Exercise details => What you return must be an exact copy of the lines in the listing below between the line holding "Document page, 1241x1754 pixels." and the line holding "text Het uitzetcentrum", inclusive, and nothing more.

=== Begin Enclosure ===

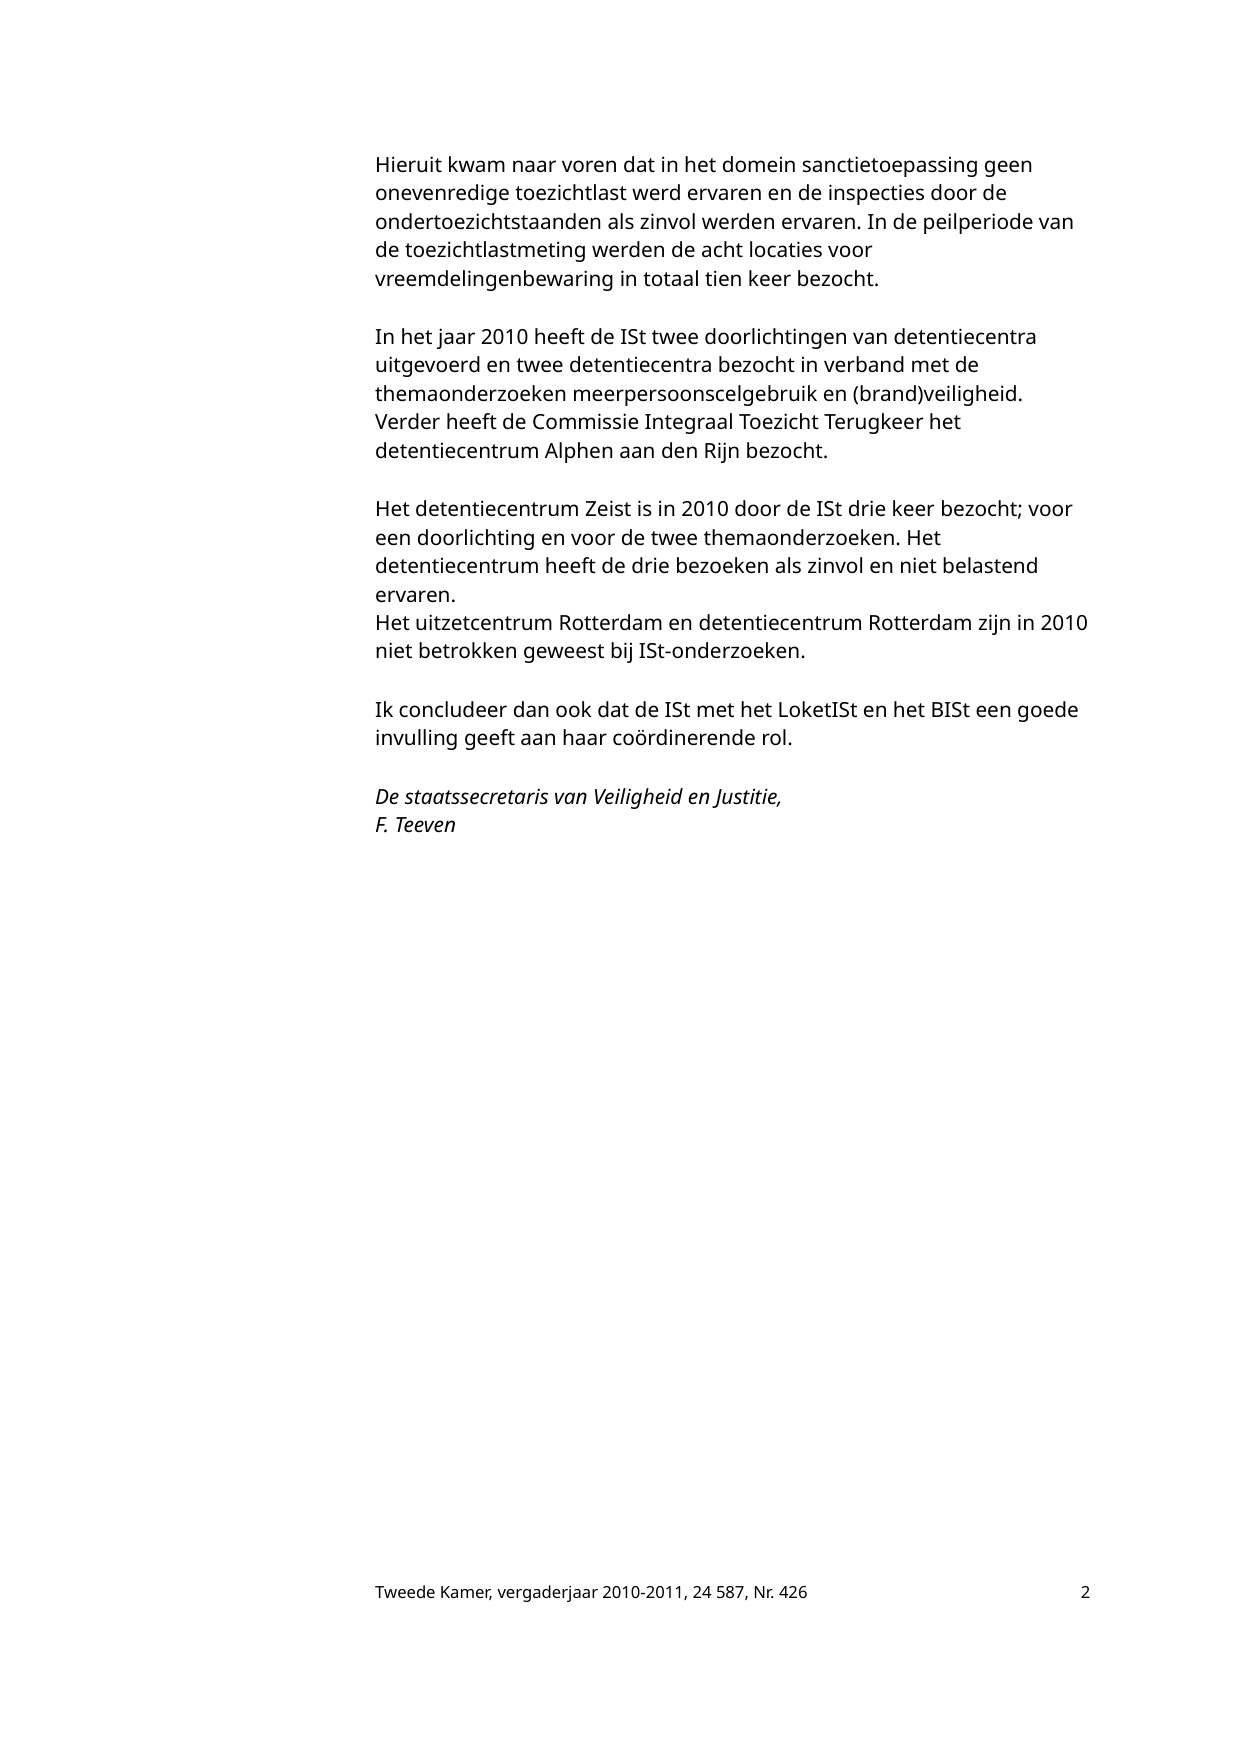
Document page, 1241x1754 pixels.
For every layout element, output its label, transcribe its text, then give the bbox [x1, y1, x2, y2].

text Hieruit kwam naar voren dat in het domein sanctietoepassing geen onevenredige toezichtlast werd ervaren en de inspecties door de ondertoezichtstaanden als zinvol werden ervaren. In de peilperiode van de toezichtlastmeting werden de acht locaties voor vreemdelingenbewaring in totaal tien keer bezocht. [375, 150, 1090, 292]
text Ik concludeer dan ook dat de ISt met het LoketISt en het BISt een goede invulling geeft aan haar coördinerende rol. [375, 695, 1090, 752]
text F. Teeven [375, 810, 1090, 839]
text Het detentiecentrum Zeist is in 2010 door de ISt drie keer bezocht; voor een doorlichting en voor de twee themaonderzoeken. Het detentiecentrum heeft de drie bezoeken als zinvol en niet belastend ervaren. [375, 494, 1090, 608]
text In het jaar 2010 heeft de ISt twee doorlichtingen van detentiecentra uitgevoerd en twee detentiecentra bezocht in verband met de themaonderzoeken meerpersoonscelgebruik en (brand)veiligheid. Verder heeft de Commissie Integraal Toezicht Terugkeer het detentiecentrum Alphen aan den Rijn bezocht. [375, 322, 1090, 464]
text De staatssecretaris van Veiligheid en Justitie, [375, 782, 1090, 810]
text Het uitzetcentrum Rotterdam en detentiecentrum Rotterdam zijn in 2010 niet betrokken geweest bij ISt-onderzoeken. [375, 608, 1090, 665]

=== End Enclosure ===
=== Begin Enclosure ===

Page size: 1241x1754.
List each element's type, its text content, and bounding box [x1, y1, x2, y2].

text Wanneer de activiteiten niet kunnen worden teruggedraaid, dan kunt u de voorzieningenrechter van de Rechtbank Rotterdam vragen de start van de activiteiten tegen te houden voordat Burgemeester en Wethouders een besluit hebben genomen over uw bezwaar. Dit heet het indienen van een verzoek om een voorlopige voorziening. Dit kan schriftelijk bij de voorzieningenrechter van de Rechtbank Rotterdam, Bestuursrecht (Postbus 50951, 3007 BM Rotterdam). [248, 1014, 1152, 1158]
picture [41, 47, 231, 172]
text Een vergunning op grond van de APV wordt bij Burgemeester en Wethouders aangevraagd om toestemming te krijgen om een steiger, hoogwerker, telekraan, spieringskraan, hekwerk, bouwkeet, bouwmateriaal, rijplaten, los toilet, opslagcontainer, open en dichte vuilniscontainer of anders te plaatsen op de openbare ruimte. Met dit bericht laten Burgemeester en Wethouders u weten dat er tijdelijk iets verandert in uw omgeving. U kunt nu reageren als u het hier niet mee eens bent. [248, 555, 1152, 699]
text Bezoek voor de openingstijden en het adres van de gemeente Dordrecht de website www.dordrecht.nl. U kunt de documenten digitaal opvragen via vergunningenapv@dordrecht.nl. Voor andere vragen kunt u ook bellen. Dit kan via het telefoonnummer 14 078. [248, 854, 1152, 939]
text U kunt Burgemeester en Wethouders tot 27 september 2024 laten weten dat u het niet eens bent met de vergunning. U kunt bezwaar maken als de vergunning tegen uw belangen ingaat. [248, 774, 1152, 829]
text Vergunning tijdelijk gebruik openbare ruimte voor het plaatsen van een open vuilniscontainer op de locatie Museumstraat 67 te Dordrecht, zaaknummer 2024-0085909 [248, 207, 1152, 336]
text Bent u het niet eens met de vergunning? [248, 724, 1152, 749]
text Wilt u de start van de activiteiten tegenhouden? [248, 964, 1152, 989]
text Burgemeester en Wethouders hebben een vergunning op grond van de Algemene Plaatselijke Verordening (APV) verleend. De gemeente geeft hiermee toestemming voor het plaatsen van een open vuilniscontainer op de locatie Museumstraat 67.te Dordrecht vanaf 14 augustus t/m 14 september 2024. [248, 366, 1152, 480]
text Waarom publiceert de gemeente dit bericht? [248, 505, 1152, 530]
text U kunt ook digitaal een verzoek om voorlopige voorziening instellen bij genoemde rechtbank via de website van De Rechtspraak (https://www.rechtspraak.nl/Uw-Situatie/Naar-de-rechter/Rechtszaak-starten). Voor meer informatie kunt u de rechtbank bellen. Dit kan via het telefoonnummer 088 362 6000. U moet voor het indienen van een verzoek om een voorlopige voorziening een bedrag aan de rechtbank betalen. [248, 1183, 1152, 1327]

=== End Enclosure ===

Task solution =>
Document page, 1241x1754 pixels.
For every layout element, output its label, transcribe its text, then give the bbox [x1, y1, x2, y2].

text Hieruit kwam naar voren dat in het domein sanctietoepassing geen onevenredige toezichtlast werd ervaren en de inspecties door de ondertoezichtstaanden als zinvol werden ervaren. In de peilperiode van de toezichtlastmeting werden de acht locaties voor vreemdelingenbewaring in totaal tien keer bezocht. [375, 150, 1090, 292]
text Ik concludeer dan ook dat de ISt met het LoketISt en het BISt een goede invulling geeft aan haar coördinerende rol. [375, 695, 1090, 752]
text F. Teeven [375, 810, 1090, 839]
text Het detentiecentrum Zeist is in 2010 door de ISt drie keer bezocht; voor een doorlichting en voor de twee themaonderzoeken. Het detentiecentrum heeft de drie bezoeken als zinvol en niet belastend ervaren. [375, 494, 1090, 608]
text In het jaar 2010 heeft de ISt twee doorlichtingen van detentiecentra uitgevoerd en twee detentiecentra bezocht in verband met de themaonderzoeken meerpersoonscelgebruik en (brand)veiligheid. Verder heeft de Commissie Integraal Toezicht Terugkeer het detentiecentrum Alphen aan den Rijn bezocht. [375, 322, 1090, 464]
text De staatssecretaris van Veiligheid en Justitie, [375, 782, 1090, 810]
text Het uitzetcentrum Rotterdam en detentiecentrum Rotterdam zijn in 2010 niet betrokken geweest bij ISt-onderzoeken. [375, 608, 1090, 665]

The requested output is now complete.